1.1. Environmental Sustainability Assessment (ESA): A Brief Overview

Humanity has entered a new era of sustainability challenges, the Anthropocene, in which the planet’s environment is under significant pressure from social, economic, and demographic forces. In striving to prevent our society and future generations from tipping into disastrous states, sustainable development has remained one of the primary policy goals in the large majority of countries over the world [1]. The United Nations is scheduled to announce the Sustainable Development Goals by 2015, an evolving program that is under way to replace the Millennium Development Goals [2]. In measuring progress towards sustainable transitions and human well-being, it is necessary to create ways to assess environmental sustainability—a non-negotiable prerequisite for the economic and social pillars of sustainable development [3].
There have been many attempts to promote transparency and standardization of environmental sustainability assessment (ESA).

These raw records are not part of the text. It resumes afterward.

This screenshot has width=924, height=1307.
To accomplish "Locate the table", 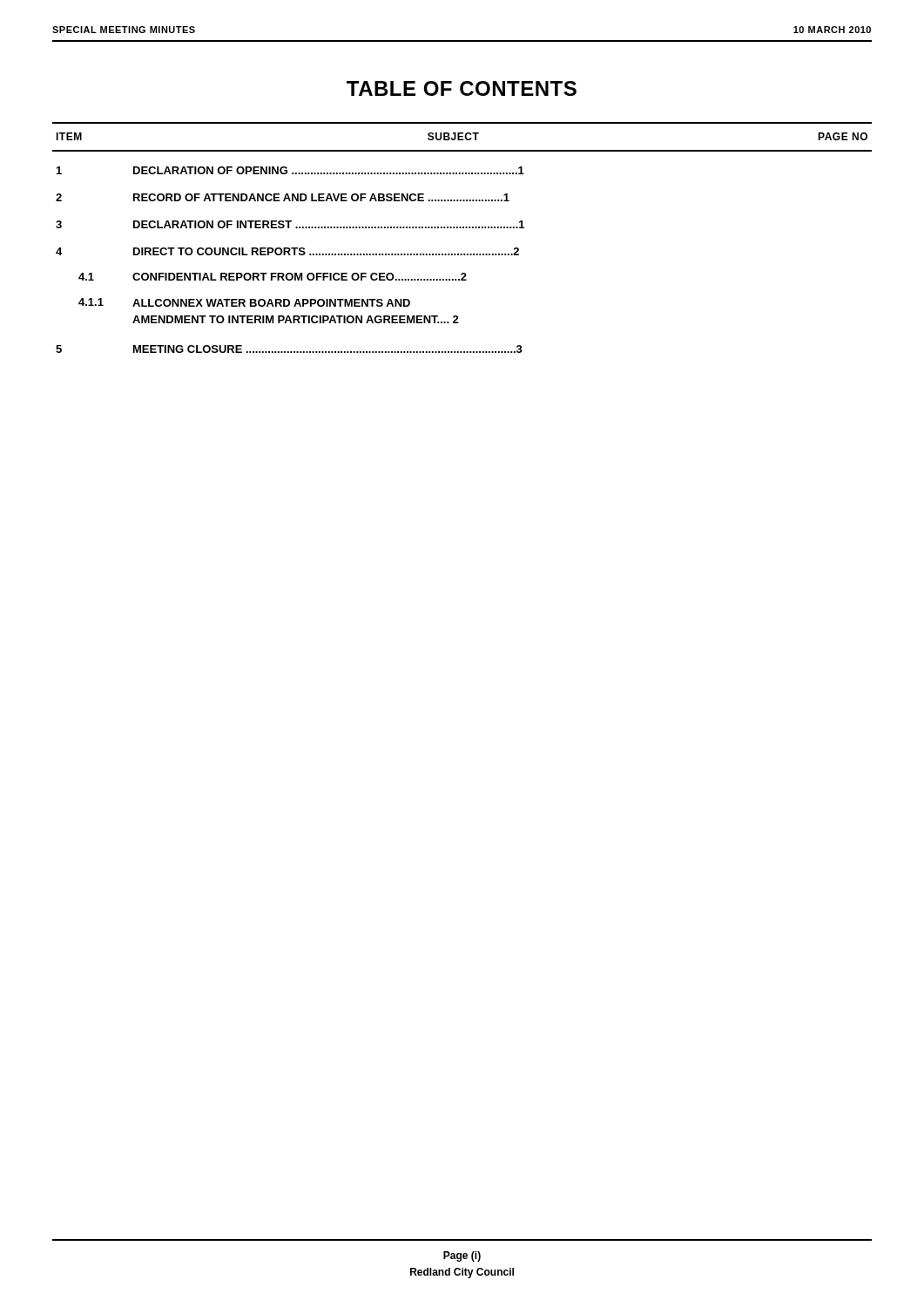I will click(462, 240).
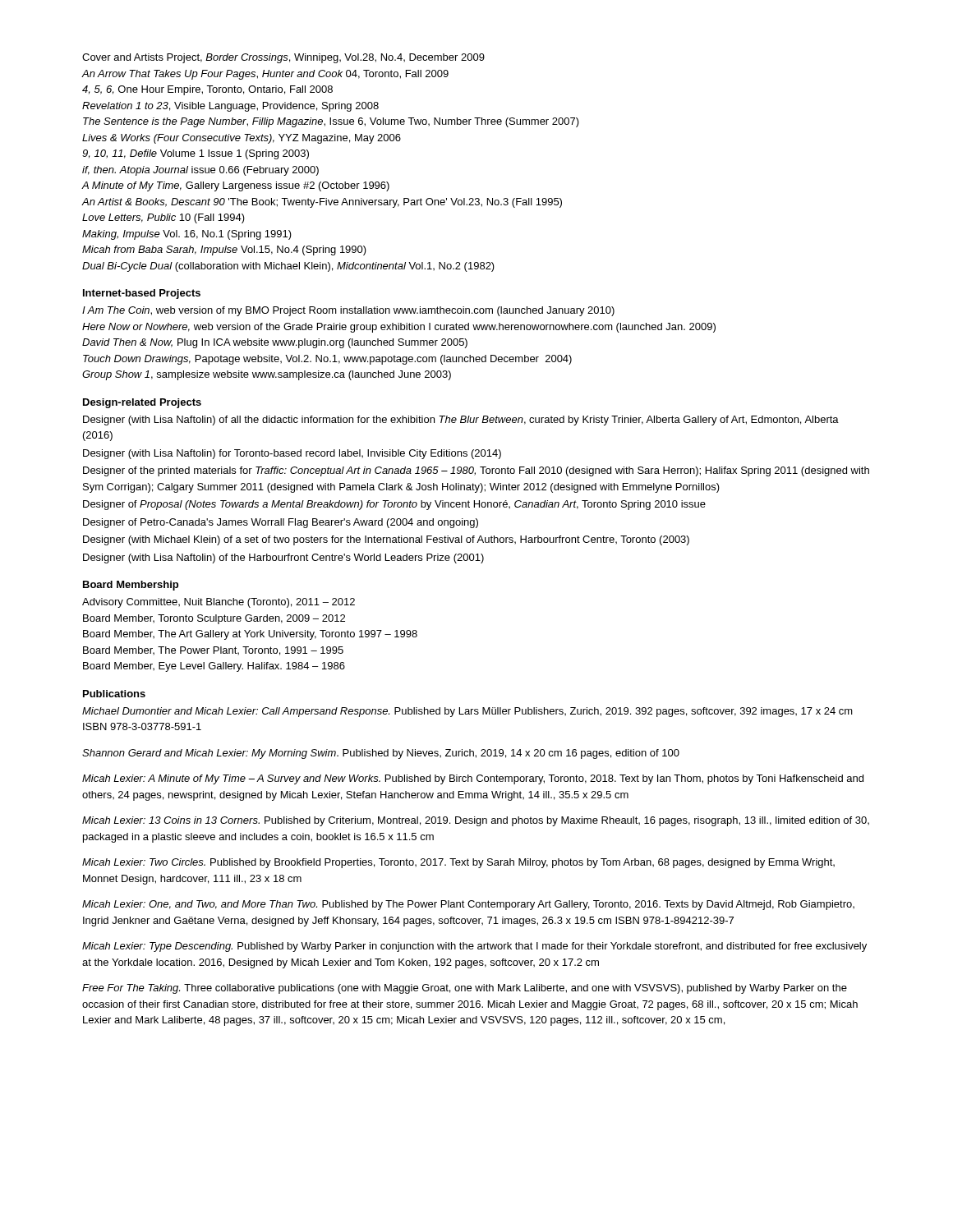Find the block on this page that starts "Lives & Works (Four Consecutive Texts), YYZ"

tap(242, 137)
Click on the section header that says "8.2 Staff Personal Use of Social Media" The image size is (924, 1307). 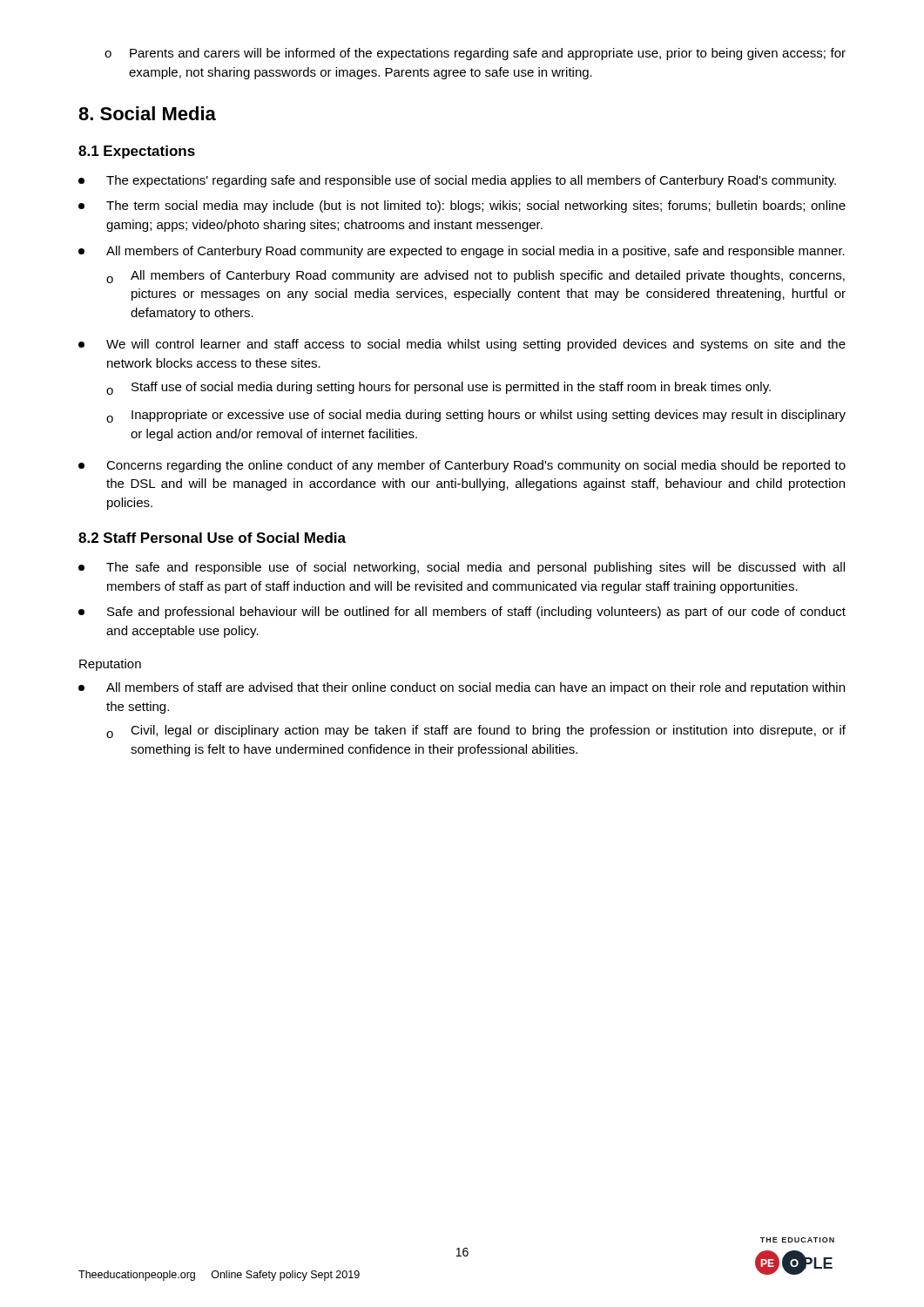[x=212, y=538]
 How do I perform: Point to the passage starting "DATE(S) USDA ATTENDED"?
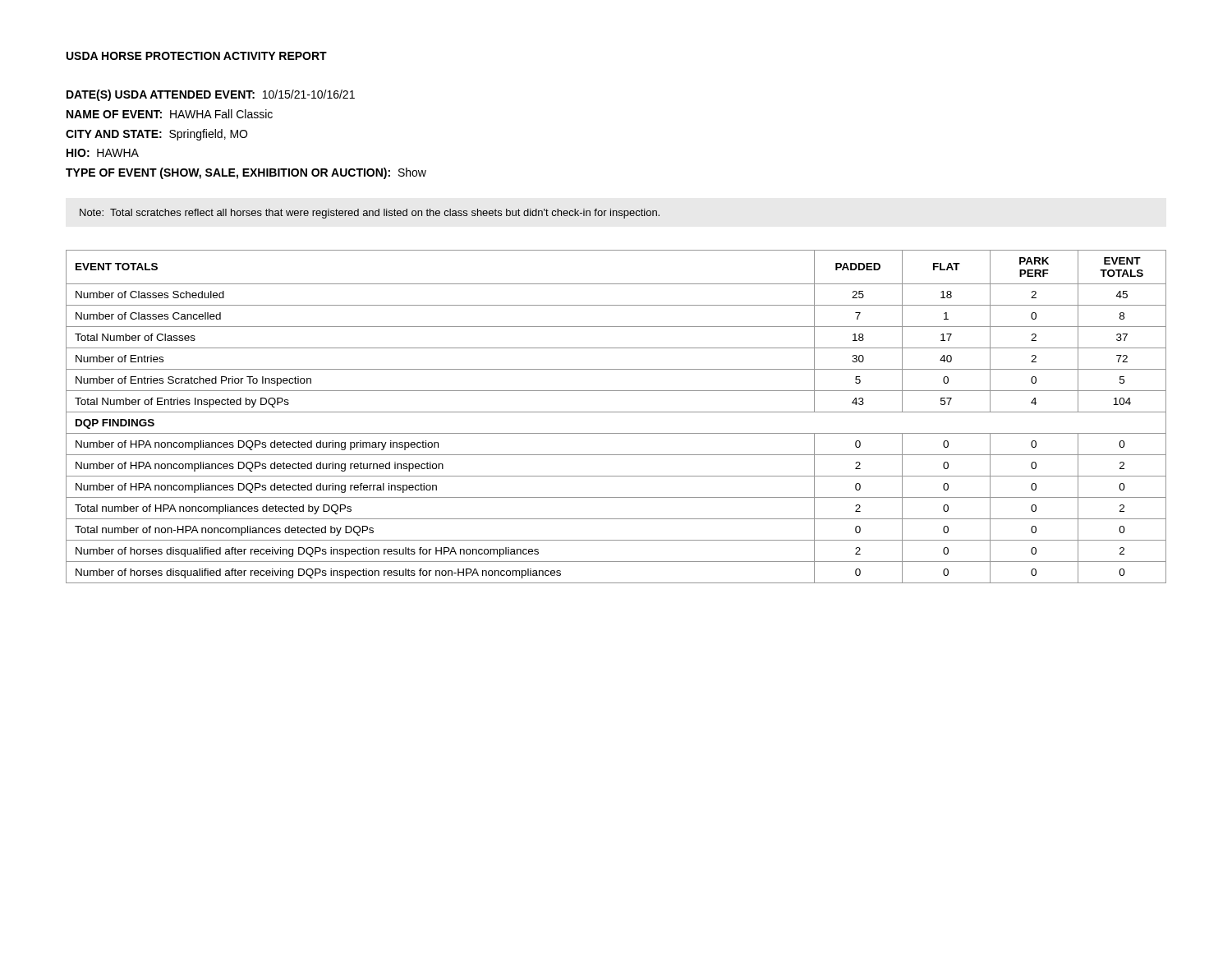pyautogui.click(x=211, y=95)
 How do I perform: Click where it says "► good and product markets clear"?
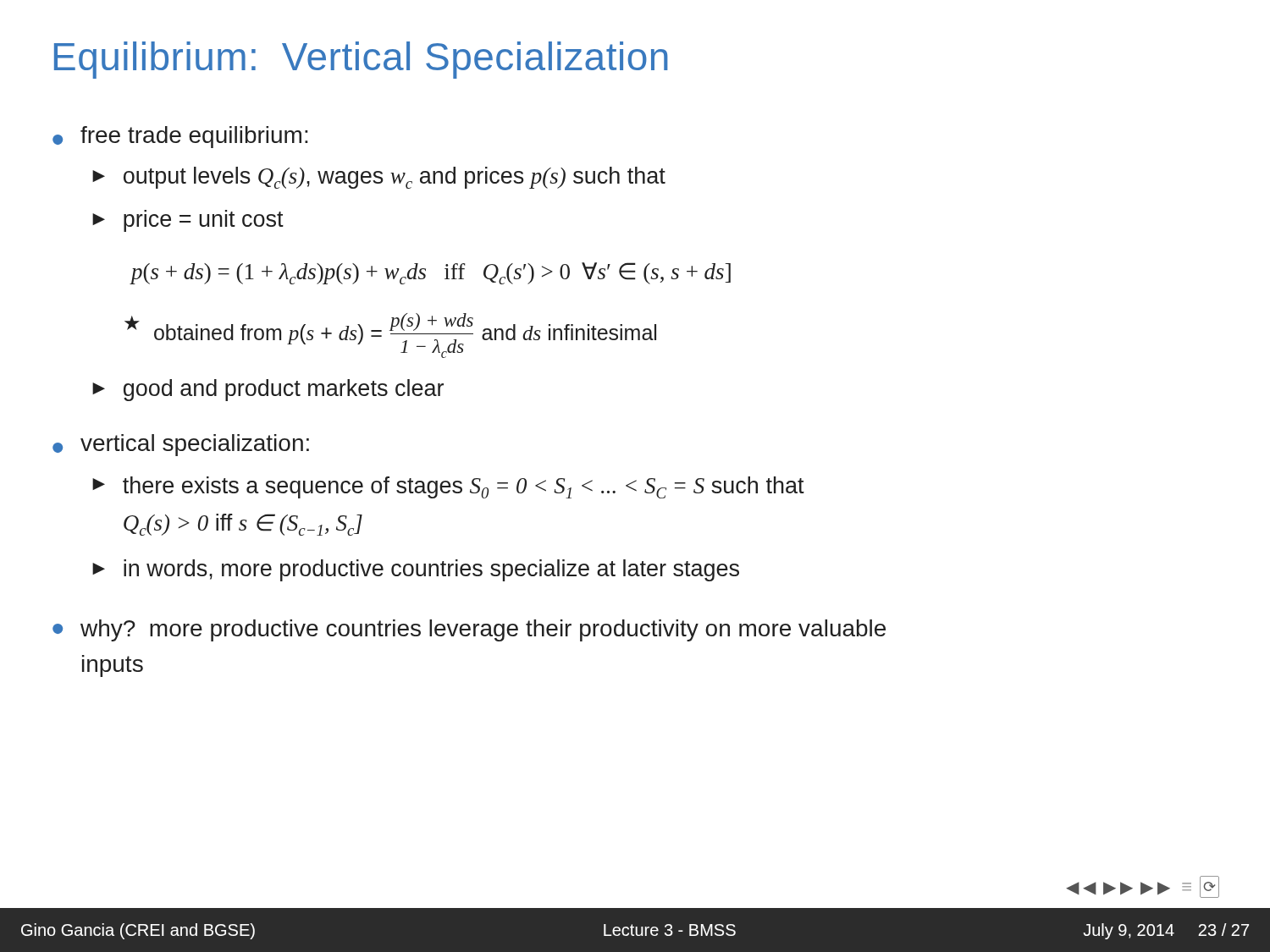[266, 389]

One example is the ecological footprint, which compares human demand for bioproduct provision and carbon sinks with the relevant regenerative and assimilative capacity of the biosphere, thereby explaining why the current economy lives on the depletion of exhaustible stocks rather than on sustainable flows [4]. Apparently, this is by no means the only way of implementing ESA. The Environmental Sustainability Index [5] and its updated version, the Environmental Performance Index [6], for instance, have attracted considerable interest and discussions among science, policy, and in the media. Other influential ESA tools include the Environmental Quality Index [7], the Index of Environmental Friendliness [8], the Environmental Vulnerability Index [9], and the Critical Natural Capital [10].
Despite the continuous efforts made by a large group of researchers, there is no agreement on the most appropriate definition and method for ESA. Nevertheless, on the basis of an in-depth discussion performed in our previous study [11], we come up with some key observations regarding ESA: (1) the essential property of ESA is the comparison of current environmental conditions and critical capacity thresholds; (2) a descriptive pressure indicator responsible for what is currently happening to the environment has no relation to ESA unless it is benchmarked against a critical threshold indicator serving as a reference; (3) the difficulty in prediction of environmental boundaries poses a major challenge to ESA due to uncertainties surrounding the position of the thresholds; and (4) the estimates of ESA are normally expressed either in difference or in ratio, but not in both.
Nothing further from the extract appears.